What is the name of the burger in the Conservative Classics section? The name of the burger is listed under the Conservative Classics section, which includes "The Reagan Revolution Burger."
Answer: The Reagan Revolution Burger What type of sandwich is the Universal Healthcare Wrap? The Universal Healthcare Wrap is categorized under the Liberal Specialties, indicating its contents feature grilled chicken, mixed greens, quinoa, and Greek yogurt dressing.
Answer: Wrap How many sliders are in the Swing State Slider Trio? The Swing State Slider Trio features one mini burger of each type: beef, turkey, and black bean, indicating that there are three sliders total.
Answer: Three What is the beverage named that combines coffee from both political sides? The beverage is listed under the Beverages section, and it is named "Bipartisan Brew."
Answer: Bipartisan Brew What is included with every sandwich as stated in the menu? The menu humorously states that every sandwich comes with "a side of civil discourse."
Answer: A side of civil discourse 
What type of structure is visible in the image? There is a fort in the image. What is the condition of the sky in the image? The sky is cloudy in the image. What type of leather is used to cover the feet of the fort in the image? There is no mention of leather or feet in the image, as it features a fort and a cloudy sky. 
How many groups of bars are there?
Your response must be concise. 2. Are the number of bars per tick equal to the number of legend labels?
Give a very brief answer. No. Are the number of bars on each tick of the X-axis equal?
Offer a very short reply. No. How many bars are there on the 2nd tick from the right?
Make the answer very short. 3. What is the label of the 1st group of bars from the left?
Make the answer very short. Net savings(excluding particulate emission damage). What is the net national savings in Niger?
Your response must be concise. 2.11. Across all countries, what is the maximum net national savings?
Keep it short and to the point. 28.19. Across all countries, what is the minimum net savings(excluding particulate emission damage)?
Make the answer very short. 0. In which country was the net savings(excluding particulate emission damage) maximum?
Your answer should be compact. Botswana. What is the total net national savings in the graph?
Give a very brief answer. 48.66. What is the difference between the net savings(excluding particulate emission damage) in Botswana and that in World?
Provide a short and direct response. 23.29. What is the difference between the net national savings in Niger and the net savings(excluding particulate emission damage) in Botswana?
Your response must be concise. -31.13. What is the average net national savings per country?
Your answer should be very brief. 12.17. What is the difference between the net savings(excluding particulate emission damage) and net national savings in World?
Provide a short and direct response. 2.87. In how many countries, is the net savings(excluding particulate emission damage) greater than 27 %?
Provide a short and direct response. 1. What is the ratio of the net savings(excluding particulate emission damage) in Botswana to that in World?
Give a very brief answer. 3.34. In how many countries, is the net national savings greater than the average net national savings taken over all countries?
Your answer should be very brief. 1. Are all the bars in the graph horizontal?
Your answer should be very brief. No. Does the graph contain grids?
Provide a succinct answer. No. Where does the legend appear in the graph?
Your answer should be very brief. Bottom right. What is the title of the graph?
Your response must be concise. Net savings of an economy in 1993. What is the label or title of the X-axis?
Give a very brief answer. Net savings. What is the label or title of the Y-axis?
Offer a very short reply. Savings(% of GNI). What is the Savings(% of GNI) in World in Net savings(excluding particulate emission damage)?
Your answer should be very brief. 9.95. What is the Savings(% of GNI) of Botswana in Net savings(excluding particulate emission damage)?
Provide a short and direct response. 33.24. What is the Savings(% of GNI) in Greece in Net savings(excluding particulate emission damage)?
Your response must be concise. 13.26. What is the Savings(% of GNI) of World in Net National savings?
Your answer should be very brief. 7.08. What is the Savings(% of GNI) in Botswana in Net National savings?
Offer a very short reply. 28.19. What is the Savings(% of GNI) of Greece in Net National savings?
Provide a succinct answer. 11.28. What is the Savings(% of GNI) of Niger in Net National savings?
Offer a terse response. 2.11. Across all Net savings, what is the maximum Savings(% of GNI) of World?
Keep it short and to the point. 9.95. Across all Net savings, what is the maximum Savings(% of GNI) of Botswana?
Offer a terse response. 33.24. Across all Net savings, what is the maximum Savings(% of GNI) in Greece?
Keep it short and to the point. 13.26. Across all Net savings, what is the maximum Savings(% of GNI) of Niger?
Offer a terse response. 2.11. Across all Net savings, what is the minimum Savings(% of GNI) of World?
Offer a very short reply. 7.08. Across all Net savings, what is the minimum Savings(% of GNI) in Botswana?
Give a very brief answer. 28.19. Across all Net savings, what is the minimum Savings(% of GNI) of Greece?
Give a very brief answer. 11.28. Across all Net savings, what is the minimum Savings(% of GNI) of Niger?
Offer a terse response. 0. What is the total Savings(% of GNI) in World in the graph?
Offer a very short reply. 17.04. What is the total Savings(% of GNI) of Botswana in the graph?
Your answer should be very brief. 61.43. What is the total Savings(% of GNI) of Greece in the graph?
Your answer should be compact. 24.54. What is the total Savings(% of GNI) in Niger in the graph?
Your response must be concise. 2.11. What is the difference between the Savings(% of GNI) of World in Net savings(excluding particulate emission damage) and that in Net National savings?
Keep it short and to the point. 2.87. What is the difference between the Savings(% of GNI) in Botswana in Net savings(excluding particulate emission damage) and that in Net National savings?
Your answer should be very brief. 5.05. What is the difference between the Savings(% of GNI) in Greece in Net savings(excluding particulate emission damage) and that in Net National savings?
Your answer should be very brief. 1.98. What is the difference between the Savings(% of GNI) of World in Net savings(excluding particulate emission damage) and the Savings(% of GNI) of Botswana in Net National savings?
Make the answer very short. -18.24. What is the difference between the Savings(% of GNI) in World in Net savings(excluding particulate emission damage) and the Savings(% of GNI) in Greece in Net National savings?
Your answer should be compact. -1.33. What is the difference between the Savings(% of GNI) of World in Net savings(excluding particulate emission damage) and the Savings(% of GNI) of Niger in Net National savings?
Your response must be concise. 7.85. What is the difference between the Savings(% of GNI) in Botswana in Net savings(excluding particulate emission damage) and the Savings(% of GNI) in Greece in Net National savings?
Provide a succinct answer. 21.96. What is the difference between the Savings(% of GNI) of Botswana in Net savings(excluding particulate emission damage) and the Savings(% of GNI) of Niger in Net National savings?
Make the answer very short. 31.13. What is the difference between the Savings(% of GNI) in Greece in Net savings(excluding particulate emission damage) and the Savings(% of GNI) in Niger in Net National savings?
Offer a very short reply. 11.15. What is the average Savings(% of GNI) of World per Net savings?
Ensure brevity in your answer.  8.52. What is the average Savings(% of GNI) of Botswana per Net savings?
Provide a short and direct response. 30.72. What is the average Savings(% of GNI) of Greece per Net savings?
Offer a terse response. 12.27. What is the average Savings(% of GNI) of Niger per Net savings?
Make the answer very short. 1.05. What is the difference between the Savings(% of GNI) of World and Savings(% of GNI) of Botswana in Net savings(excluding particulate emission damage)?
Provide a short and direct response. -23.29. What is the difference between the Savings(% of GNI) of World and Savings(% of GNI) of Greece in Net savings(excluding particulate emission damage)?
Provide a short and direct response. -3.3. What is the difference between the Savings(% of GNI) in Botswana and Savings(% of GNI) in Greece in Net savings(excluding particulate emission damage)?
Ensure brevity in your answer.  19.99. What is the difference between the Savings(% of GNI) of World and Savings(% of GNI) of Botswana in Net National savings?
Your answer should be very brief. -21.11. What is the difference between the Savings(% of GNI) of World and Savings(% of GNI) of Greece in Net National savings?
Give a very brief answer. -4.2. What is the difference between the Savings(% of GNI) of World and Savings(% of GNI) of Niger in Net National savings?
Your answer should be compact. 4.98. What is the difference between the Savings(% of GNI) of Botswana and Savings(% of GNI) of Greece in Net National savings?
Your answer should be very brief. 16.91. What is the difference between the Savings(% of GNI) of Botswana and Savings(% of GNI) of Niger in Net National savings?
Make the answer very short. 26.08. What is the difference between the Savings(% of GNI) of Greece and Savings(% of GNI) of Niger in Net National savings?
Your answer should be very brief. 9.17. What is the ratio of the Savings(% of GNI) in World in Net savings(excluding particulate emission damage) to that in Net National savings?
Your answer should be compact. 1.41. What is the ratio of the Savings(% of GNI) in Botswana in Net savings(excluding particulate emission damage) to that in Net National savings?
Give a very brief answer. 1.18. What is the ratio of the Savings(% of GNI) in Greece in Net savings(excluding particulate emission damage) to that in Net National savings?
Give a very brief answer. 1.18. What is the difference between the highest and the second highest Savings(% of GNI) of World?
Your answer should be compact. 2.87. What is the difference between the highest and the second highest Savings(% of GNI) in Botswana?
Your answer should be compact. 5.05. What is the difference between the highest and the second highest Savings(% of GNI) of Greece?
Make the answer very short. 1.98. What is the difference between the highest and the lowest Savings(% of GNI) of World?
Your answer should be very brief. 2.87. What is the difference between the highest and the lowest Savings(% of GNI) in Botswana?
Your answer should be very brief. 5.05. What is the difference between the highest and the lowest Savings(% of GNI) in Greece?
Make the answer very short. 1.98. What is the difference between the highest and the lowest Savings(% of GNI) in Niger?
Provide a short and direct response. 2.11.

▶ [Exercise goal]
Your answer is a single number: how many lines in the listing above hold "than"?

▶ [Result for this exercise]
2